Syfert v. City of Rome
Filing
14
DECISION AND ORDER denying # 13 Plaintiff's second motion to appoint counsel; and accepting and adopting # 11 Magistrate Judge Dancks' Report and Recommendation in its entirety. Plaintiff's # 9 Amended Complaint is sua sponte dism issed with prejudice for failure to state a claim upon which relief can be granted pursuant to 28 U.S.C. § 1915(e)(2)(B)(ii). Signed by Chief Judge Glenn T. Suddaby on 5/22/18. (lmw) (Copy served upon pro se plaintiff via regular and certified mail)

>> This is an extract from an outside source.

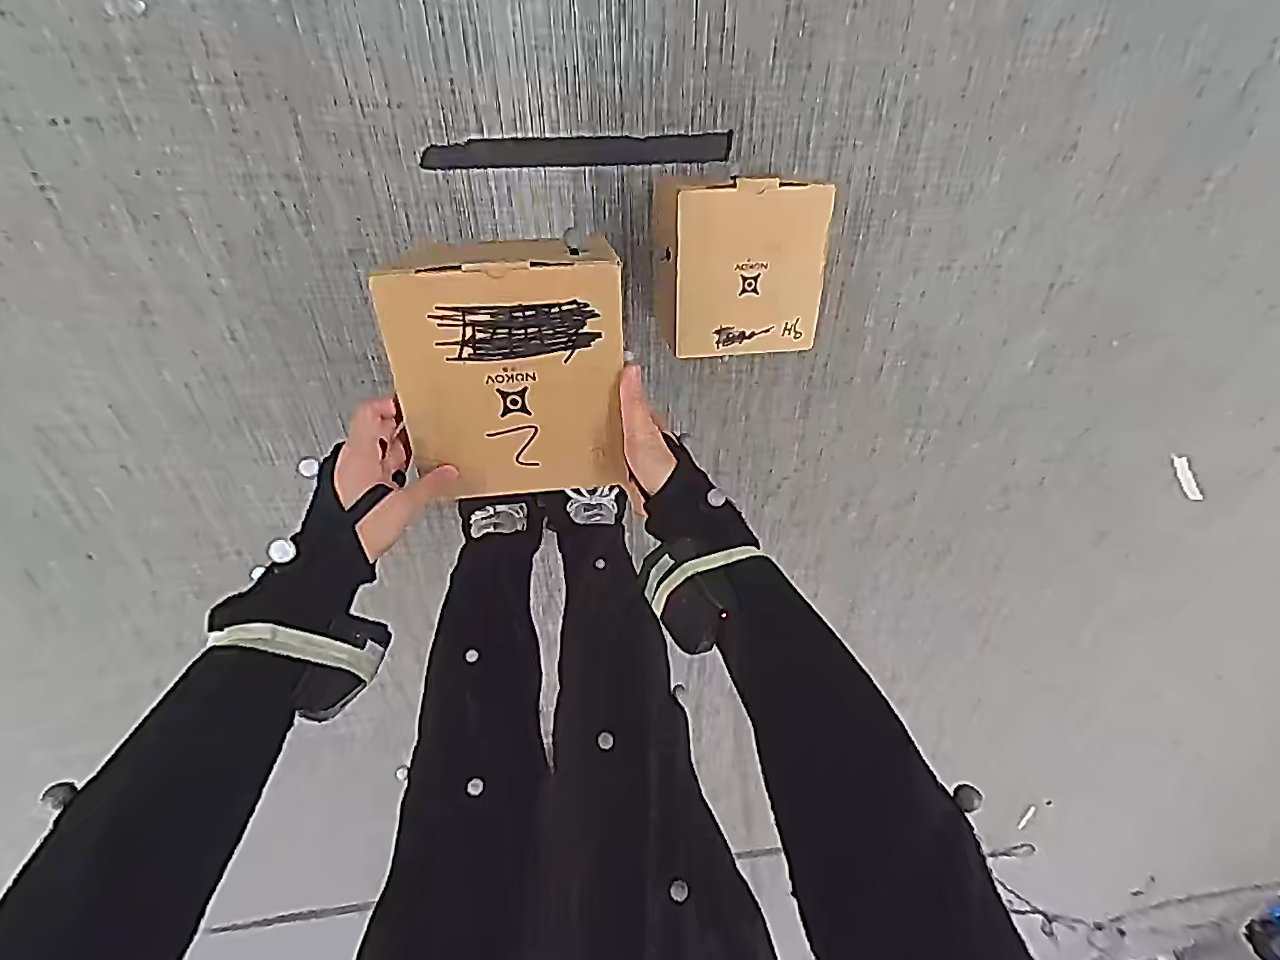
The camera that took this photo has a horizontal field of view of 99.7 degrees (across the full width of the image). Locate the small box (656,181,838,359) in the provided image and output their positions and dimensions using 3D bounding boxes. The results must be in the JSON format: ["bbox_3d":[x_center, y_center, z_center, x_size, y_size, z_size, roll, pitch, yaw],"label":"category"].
[{"bbox_3d":[0.112,-0.258,0.648,0.168,0.176,0.179,-5,122,-6],"label":"small box"}]

UNITED STATES DISTRICT COURT
NORTHERN DISTRICT OF NEW YORK
_____________________________________________
MARK SYFERT,
Plaintiff,
6:17-CV-0578
(GTS/TWD)
v.
CITY OF ROME,
Defendant.
_____________________________________________
APPEARANCES:
MARK SYFERT
Plaintiff, Pro Se
422 W. Embargo Street #2
Rome, New York 13440
GLENN T. SUDDABY, Chief United States District Judge
DECISION and ORDER
Currently before the Court, in this pro se civil rights action filed by Mark Syfert
(“Plaintiff”) against the City of Rome, New York (“Defendant”), are the following: (1) United
States Magistrate Judge Thérèse Wiley Dancks’ Report-Recommendation recommending that
Plaintiff’s Amended Complaint be sua sponte dismissed with prejudice in its entirety for failure
to state a claim upon which relief can be granted pursuant to 28 U.S.C. § 1915(e)(2)(B)(ii); (2)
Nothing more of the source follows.